↓↓↓
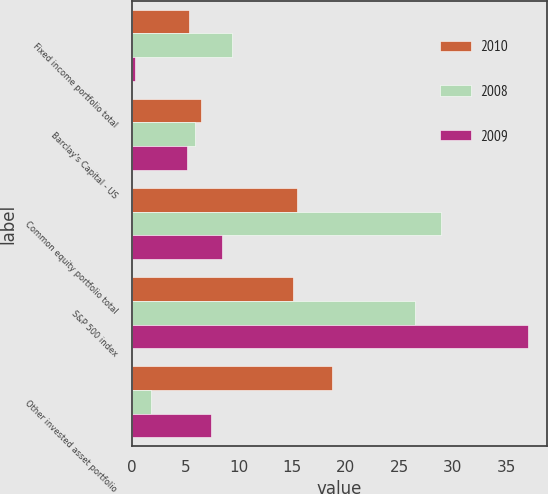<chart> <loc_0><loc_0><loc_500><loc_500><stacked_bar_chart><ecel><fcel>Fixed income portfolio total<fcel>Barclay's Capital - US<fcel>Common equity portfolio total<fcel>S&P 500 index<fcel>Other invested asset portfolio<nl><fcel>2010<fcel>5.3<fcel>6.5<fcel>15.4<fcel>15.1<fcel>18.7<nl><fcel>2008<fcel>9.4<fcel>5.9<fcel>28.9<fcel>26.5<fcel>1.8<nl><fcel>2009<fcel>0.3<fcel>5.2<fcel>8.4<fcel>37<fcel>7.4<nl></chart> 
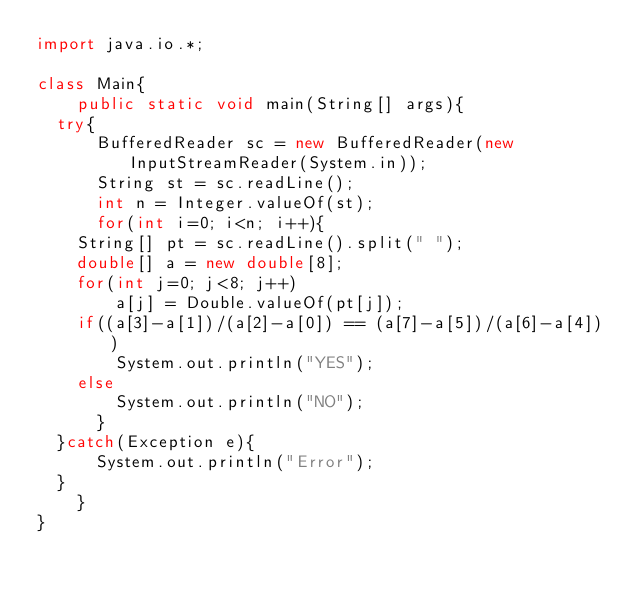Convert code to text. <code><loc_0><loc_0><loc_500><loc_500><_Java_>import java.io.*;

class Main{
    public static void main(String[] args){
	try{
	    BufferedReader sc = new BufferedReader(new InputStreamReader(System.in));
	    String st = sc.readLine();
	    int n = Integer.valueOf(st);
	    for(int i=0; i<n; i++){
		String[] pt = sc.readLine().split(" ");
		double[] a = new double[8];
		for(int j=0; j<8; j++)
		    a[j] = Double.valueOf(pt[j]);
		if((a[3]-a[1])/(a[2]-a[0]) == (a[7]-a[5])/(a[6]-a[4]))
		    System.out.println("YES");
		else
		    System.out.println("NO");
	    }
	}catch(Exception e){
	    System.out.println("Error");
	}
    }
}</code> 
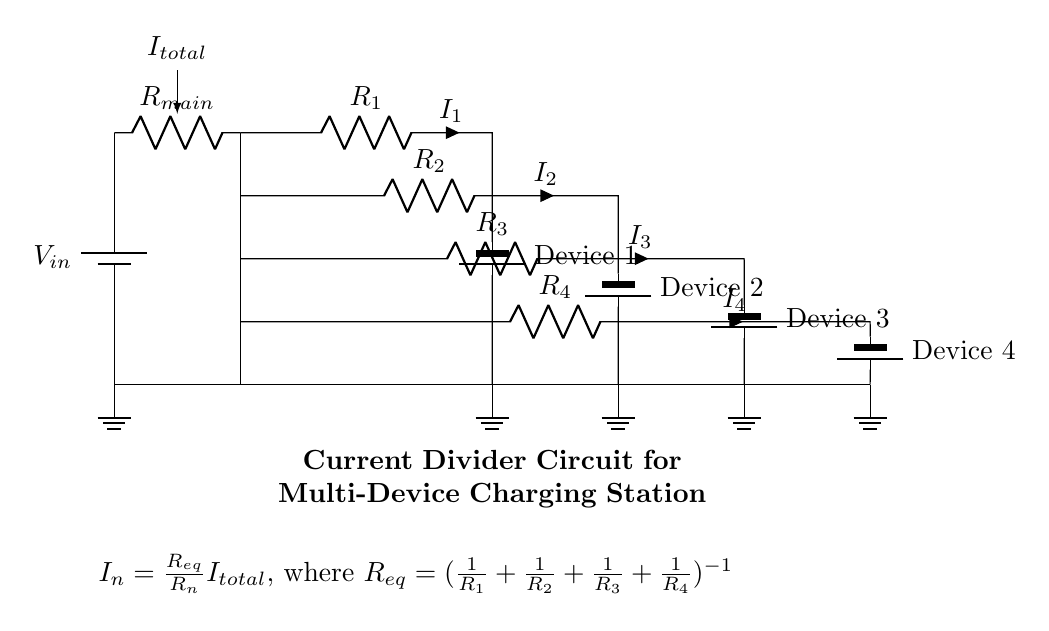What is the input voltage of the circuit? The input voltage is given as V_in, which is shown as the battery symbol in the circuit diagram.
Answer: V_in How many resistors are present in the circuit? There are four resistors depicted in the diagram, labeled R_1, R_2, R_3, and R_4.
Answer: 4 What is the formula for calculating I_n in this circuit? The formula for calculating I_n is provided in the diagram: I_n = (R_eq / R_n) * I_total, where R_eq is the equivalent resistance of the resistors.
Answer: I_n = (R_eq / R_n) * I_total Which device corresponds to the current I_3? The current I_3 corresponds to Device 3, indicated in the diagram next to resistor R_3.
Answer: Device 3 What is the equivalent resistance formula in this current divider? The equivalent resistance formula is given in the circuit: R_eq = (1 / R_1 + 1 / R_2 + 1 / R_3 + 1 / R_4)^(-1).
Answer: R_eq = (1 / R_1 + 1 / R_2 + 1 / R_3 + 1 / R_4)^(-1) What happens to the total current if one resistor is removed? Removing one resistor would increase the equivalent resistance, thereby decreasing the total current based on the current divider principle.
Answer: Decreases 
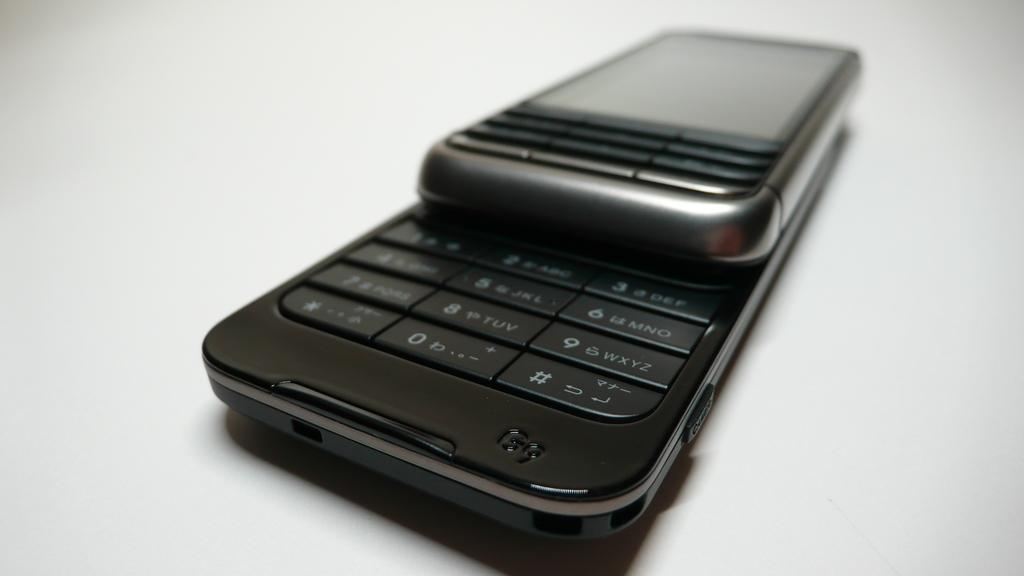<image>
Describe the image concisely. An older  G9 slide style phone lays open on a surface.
↑↑↑
YOUR GOAL:
Copy exactly, leaving out pictures, the lines from the line containing "Answer: R_eq = (1" through the last line of the records.

SOLUTION FOR THIS EXERCISE:
Answer: R_eq = (1 / R_1 + 1 / R_2 + 1 / R_3 + 1 / R_4)^(-1) What happens to the total current if one resistor is removed? Removing one resistor would increase the equivalent resistance, thereby decreasing the total current based on the current divider principle.
Answer: Decreases 
<image>
Describe the image concisely. An older  G9 slide style phone lays open on a surface.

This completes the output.